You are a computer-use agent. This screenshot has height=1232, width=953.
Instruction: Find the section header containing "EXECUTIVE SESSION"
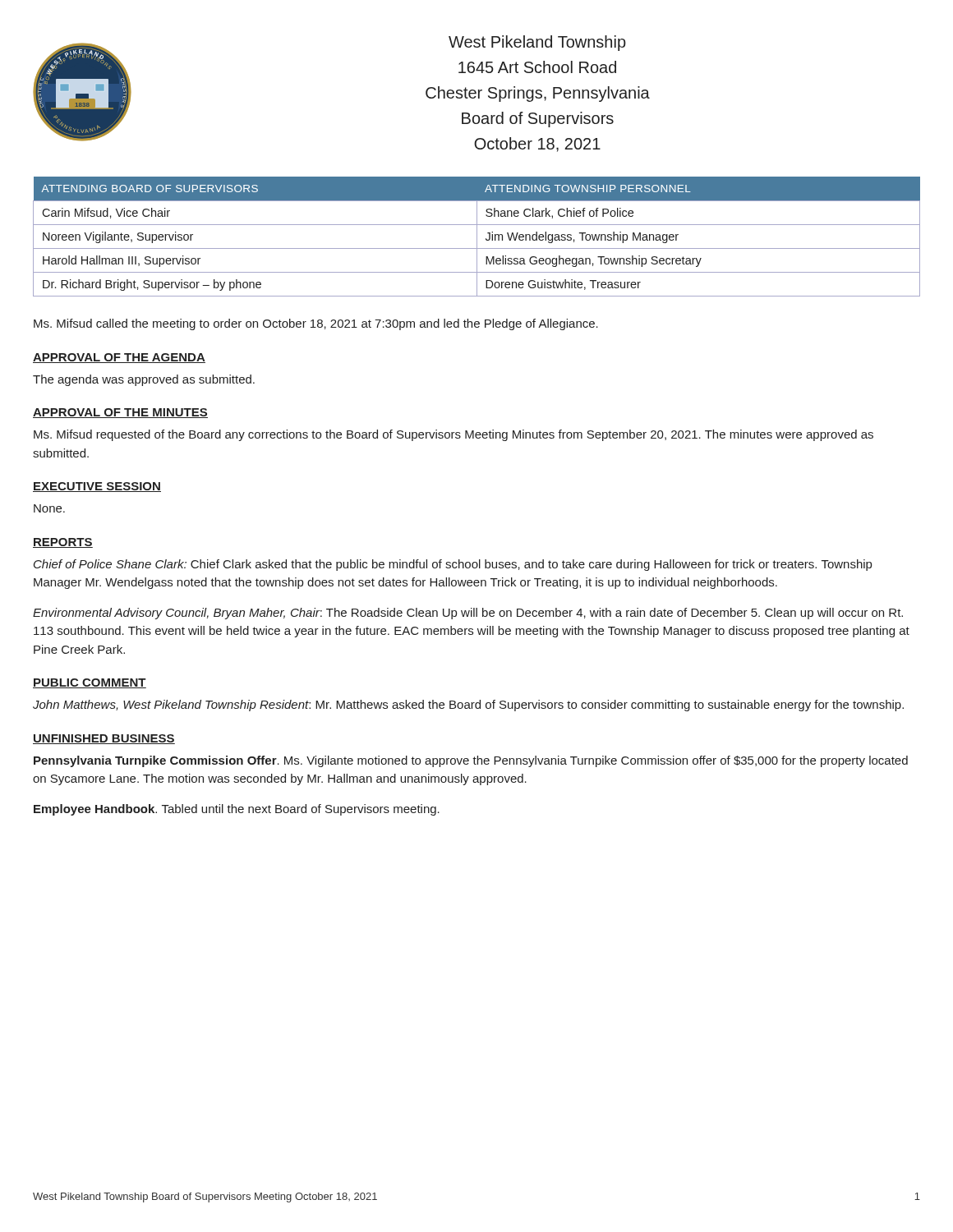pyautogui.click(x=97, y=486)
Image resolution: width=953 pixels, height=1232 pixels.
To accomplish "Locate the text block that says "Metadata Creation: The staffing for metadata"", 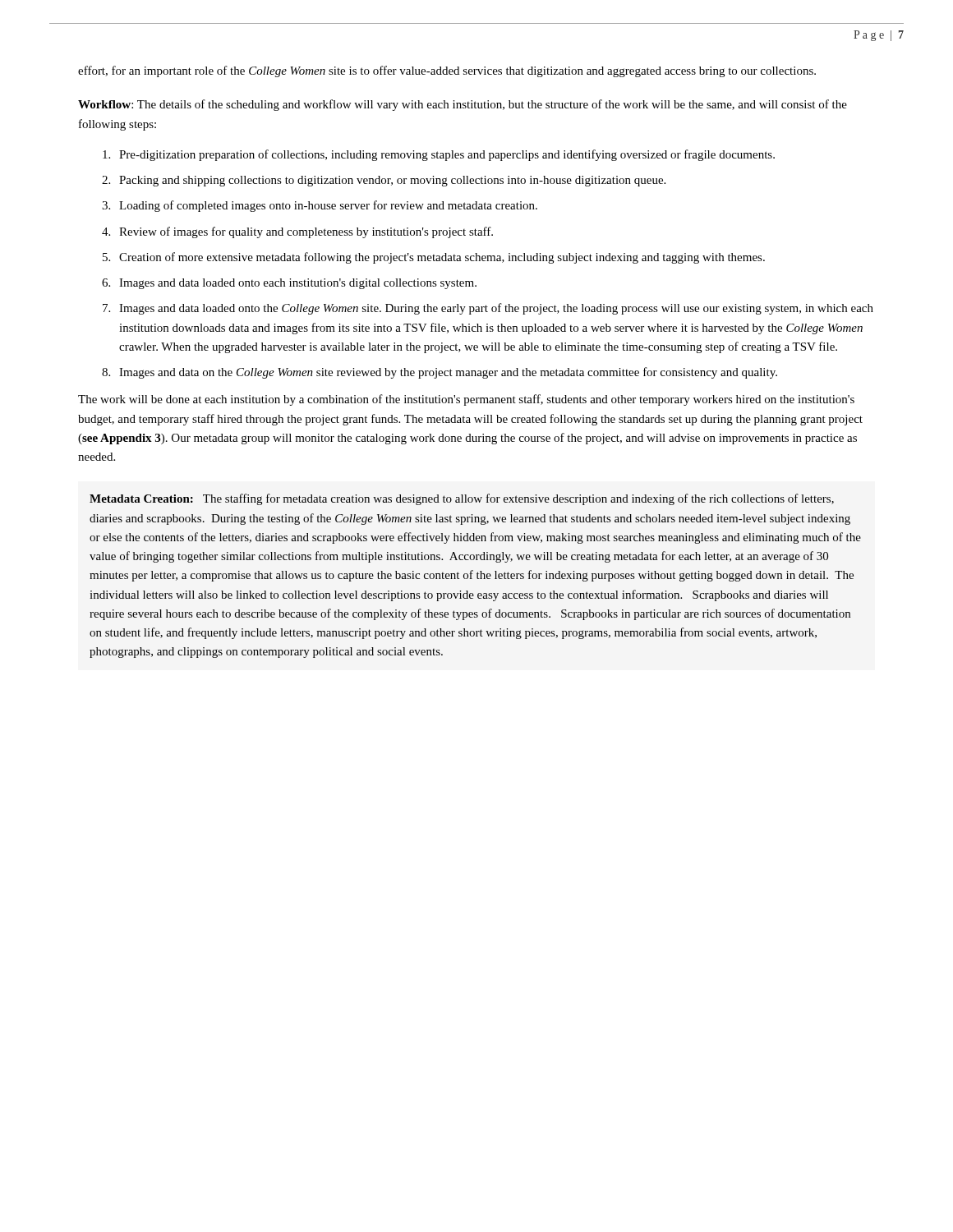I will click(x=475, y=575).
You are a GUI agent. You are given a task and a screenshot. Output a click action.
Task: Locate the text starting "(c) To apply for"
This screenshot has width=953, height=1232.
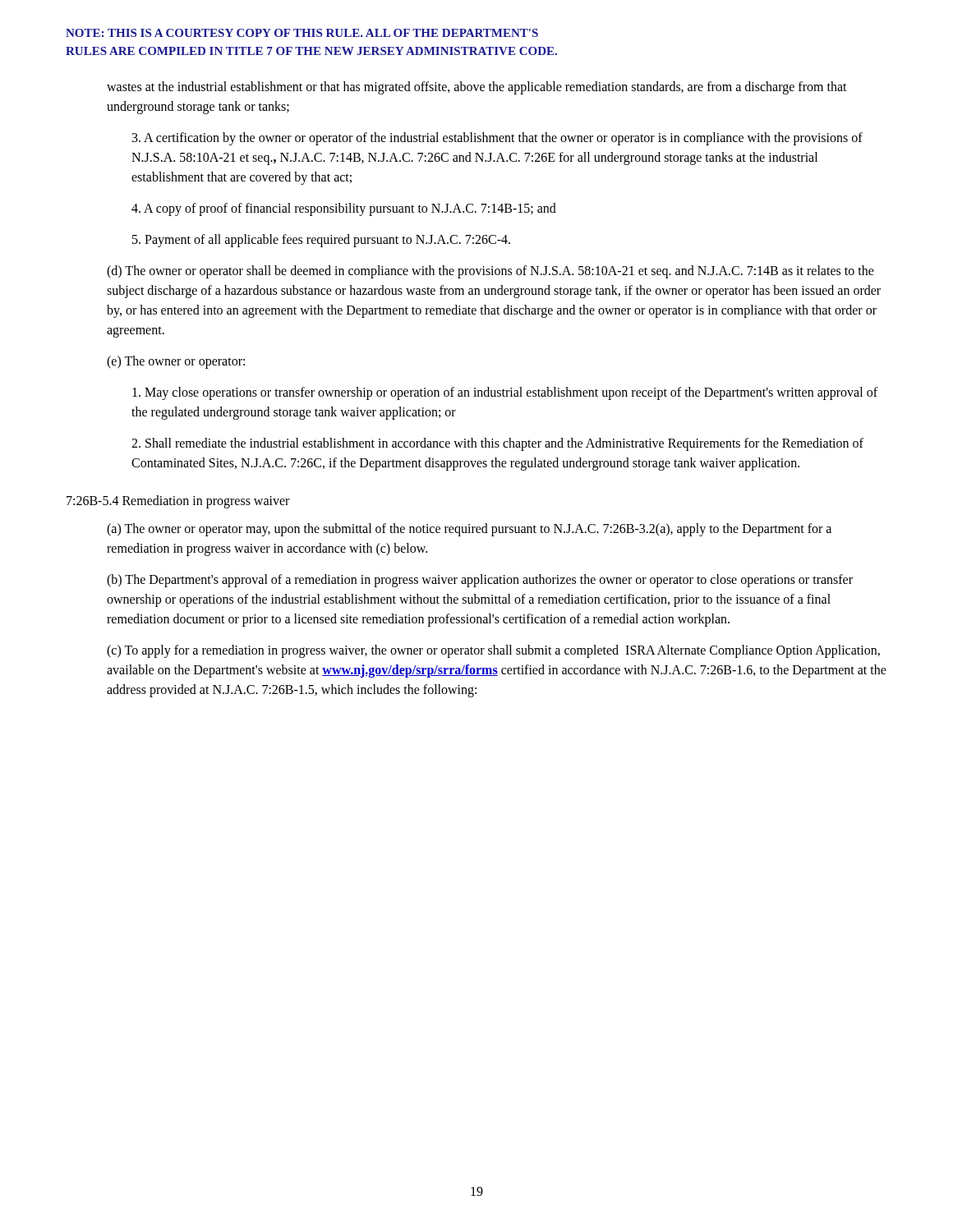[497, 669]

..........

Task description: For each line above that includes "agent", copy the line.

Written response:
You are a computer-use agent. This screenshot has height=1232, width=953.
You are a GUI agent. You are given a task and a screenshot. Output a click action.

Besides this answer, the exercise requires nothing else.